→ What you should do: Write out the stretch of lines below that begins at the line with "The horizontal FOV is 39.3°." and ends at the line with "- **name**: center", including both, exactly as given and nothing more.

(Entries taken from a collection)
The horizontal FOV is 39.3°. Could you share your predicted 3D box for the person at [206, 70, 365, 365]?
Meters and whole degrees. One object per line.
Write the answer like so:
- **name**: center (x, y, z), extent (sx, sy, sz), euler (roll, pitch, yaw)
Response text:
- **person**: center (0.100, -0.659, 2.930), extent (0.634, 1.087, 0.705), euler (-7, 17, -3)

==

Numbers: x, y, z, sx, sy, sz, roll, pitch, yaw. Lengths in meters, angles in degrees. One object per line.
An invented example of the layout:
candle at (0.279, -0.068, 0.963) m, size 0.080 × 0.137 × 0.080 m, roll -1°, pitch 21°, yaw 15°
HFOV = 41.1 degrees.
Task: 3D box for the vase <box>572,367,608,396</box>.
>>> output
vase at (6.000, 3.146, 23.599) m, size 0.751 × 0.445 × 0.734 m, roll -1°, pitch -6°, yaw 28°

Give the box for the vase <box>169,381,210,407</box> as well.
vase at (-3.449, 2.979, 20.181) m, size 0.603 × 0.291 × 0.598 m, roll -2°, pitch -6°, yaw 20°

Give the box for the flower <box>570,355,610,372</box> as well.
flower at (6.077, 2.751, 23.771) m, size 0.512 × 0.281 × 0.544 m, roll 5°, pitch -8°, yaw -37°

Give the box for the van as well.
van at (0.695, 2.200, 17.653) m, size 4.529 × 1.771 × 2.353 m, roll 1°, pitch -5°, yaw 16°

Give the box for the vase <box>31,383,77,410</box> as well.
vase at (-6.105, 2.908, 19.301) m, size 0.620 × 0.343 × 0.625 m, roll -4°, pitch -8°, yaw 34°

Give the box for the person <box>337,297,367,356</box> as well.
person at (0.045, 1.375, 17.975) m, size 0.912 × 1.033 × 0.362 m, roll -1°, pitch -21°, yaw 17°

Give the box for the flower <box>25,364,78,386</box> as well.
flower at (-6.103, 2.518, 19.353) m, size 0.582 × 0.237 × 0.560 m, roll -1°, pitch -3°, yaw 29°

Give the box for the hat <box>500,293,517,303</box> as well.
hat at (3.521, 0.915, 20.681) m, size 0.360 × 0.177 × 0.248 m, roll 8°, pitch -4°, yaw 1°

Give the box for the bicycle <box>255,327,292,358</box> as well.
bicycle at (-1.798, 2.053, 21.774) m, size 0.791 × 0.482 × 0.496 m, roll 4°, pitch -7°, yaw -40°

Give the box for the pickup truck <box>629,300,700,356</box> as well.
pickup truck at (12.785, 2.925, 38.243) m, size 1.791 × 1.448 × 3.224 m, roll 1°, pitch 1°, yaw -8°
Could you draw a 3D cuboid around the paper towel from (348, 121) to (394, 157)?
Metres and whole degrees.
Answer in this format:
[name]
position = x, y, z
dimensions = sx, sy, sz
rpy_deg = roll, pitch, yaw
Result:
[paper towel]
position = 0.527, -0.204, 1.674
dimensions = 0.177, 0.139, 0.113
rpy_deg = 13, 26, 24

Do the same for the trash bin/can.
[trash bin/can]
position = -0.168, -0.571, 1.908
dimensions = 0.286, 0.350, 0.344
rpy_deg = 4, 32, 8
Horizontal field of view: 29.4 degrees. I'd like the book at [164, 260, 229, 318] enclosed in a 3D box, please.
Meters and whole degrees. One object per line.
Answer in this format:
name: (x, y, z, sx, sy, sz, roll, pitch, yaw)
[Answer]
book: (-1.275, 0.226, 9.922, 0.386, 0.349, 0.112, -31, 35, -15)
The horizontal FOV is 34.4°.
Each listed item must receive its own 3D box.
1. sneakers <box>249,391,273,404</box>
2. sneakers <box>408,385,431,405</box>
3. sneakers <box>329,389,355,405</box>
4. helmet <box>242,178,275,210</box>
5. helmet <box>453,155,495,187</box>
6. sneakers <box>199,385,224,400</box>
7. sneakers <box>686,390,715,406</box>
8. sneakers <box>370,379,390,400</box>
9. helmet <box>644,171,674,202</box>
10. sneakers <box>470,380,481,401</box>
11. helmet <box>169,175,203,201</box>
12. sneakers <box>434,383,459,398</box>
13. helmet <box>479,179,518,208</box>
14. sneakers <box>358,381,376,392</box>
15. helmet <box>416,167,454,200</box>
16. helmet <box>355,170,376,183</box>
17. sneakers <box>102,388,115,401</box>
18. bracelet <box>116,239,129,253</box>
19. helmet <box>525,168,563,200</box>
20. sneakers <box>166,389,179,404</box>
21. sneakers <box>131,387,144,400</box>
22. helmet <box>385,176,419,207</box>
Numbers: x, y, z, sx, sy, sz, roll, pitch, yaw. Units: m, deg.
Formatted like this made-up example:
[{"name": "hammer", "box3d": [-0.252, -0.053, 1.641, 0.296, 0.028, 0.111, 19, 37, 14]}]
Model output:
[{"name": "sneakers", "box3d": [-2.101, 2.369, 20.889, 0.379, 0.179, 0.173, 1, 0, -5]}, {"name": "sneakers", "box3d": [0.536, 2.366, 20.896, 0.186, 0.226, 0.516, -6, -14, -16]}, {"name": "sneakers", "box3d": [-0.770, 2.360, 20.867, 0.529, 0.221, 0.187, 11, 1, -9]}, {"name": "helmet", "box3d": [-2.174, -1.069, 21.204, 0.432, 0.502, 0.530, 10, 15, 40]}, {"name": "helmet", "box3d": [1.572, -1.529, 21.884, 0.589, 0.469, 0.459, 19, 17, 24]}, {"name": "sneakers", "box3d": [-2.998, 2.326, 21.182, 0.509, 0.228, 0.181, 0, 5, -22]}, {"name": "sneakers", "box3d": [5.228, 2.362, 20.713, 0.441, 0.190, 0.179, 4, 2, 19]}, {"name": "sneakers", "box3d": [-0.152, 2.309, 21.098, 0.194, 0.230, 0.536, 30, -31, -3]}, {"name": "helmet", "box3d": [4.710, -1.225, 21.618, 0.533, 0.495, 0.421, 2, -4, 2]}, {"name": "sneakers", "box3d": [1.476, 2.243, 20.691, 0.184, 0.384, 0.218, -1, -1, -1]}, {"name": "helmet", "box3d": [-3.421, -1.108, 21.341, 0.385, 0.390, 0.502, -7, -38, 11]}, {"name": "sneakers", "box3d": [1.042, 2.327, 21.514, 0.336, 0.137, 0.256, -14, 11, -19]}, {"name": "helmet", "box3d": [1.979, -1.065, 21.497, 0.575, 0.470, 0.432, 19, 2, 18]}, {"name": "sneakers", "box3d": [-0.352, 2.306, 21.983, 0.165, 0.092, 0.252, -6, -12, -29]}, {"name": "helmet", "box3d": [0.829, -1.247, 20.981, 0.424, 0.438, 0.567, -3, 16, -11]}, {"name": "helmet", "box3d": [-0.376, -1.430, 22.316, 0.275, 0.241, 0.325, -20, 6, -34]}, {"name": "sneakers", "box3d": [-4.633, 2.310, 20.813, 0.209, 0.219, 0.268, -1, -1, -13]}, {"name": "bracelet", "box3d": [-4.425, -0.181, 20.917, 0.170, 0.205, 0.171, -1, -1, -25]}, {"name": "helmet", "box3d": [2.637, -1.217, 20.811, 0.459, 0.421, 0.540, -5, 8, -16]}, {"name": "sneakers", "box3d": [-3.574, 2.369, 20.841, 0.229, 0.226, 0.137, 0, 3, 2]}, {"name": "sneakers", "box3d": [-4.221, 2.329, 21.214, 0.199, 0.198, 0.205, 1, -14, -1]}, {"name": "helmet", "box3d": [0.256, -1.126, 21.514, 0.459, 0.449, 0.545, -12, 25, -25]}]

→ Final answer:
The horizontal FOV is 39.3°. Could you share your predicted 3D box for the person at [206, 70, 365, 365]?
Meters and whole degrees. One object per line.
Write the answer like so:
- **name**: center (x, y, z), extent (sx, sy, sz), euler (roll, pitch, yaw)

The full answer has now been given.